- Task brief -
Your task is to output, without alteration, each line from the one containing "dimensions = sx, sy, sz" through the final line of the records below.

----

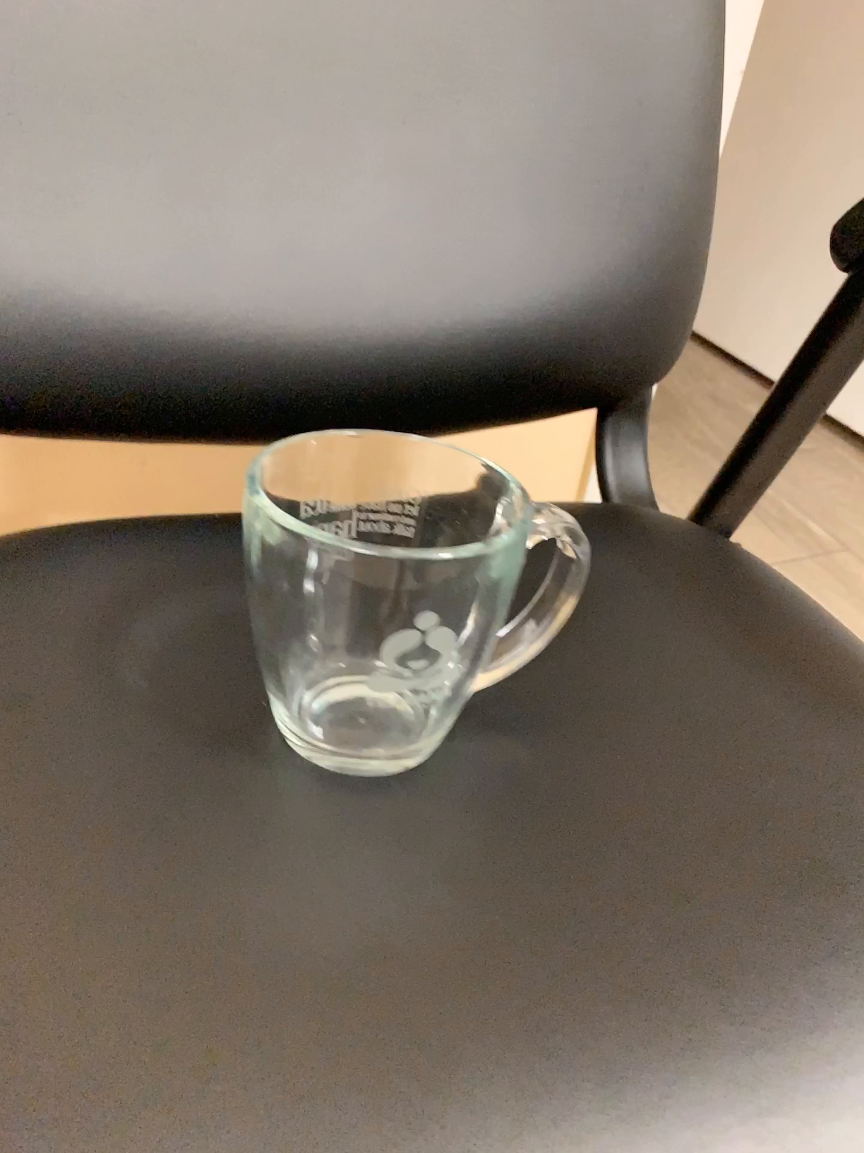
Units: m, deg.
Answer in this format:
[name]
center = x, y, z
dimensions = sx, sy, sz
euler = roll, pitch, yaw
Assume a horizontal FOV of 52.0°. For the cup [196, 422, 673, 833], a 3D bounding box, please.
[cup]
center = -0.007, 0.009, 0.332
dimensions = 0.139, 0.100, 0.096
euler = -7, 32, -26

----

- Solution for this problem -
dimensions = sx, sy, sz
euler = roll, pitch, yaw
Assume a horizontal FOV of 52.0°. For the cup [196, 422, 673, 833], a 3D bounding box, please.
[cup]
center = -0.007, 0.009, 0.332
dimensions = 0.139, 0.100, 0.096
euler = -7, 32, -26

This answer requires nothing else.